Now Persil washes the dirty laundry of Germans online!
The fact
Between work, commuting, extracurricular activities or domestic chores, it’s hard to find time for oneself, all the more so when one has a family to look after. By way of illustration, 65% of French families monitored by Echangeur’s Access Panel say they lack time! In fact, digital is an opportunity to find some time, hence the explosion of Click & Collect, Drive and Pickup services in recent years.
Henkel perfectly realized this need by launching “Persil Service Online”, the first home laundry service in Germany, at the end of December 2015! For consumers nothing could be simpler.
- They sign up on the geschickt-gereinigt.de site and receive dispatch labels.
- When their dirty laundry basket is full, they just tip its contents into a cardboard box, stick a label on it and hand it over to DHL. Depending on the constraints of the moment, they choose one of the different methods at their disposal: handover at home, in a DHL agency or in their letterbox or a Click & Collect locker. DHL has a network of more than 2750 Packstations throughout Germany.

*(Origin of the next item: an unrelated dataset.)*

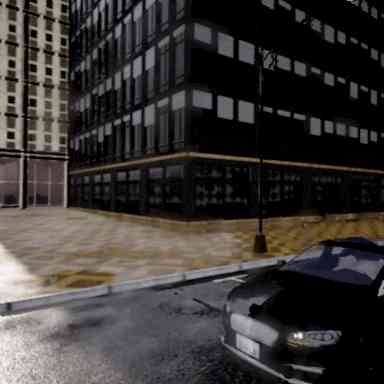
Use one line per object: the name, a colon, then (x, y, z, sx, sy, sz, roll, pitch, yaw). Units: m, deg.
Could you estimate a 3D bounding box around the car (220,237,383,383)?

- The boxes are returned to customers 3 days after dispatch. All they have to do is open it and put away their clean and ironed linen.
Prices are competitive: €2.85€ per folder, €5.90 per dress or €5.50 per tablecloth. All the more so as collection and delivery is free for 7 or more items or orders from €25.00. Indeed the forecasts are ambitious. For Stichweh and its CEO Hans-Jürgen Heyduk, online laundry services will eventually represent a potential market of 20 to 30 million euros a year. For year 1, “Persil Service Online” sales are estimated to total between 1 and 2 million euros! Enough to quickly secure a return on investments.
Interpretation
This is not the first time that Henkel and Stichweh have joined forces. They have offered “Persil Service Office”, a corporate concierge service, since 2011. Now operating in more than 170 companies, it is used by over 12,000 employees. However, by directly attacking the retail market this partnership is adding a whole new dimension. Stichweh has not hesitated to spend 1 million euros to develop an ultra-modern industrial laundry facility that can process the dirty laundry of all German households. But it was essential to involve a logistics partner to handle the flow of dirty laundry. Hence the appearance of DHL in the partnership. A role probably legitimized by the test run with Audi and Amazon in 2015: DHL deposits a parcel purchased on Amazon in the boot of a customer’s Audi.
Just as for Audi, Henkel “monetizes” its audience with third-party companies, thereby expanding its offering. But it is above all the impact on Henkel’s positioning that is interesting. Indeed its role is changing and taking on another dimension. From a mere vendor of washing powder, the company now brands itself as a daily household partner. With “Persil Service Online”, Henkel meets the prime objective of detergent buyers at a lower cost and with less effort, namely having clean and ironed laundry.
“Persil Service Online” is thus the perfect illustration of a service-centric economy in which the companies that win are those that meet customer expectations with service-based solutions. As Henkel Laundry & Home Care’s New Business Director Thomas Schuffenhauer says: “we offer our customers a practical time-saving solution, as part of an ever more mobile life”. This is one of the nine customer relationship trends of tomorrow interpreted in the report entitled “Innovez Service Centric 2015”: being empowered on a daily basis. It is by partnering customers and addressing their everyday problems that companies will already create the differentiating factors of tomorrow!
Obviously there was some grumbling when the launch was announced. Green organizations like Deutsche Umwelthilfe, an environmental and consumer protection NGO, serve notice the potential impact on the air quality of town centres, already congested with cars and delivery vans. However, their indictment begins with these words: “Das ist bequem”… “It’s practical”. So if even its critics perceive the benefits of the service as consumers, it’s hard to see how it could fail. The service-centric economy is no longer an utopia but a reality that will impose itself more and more.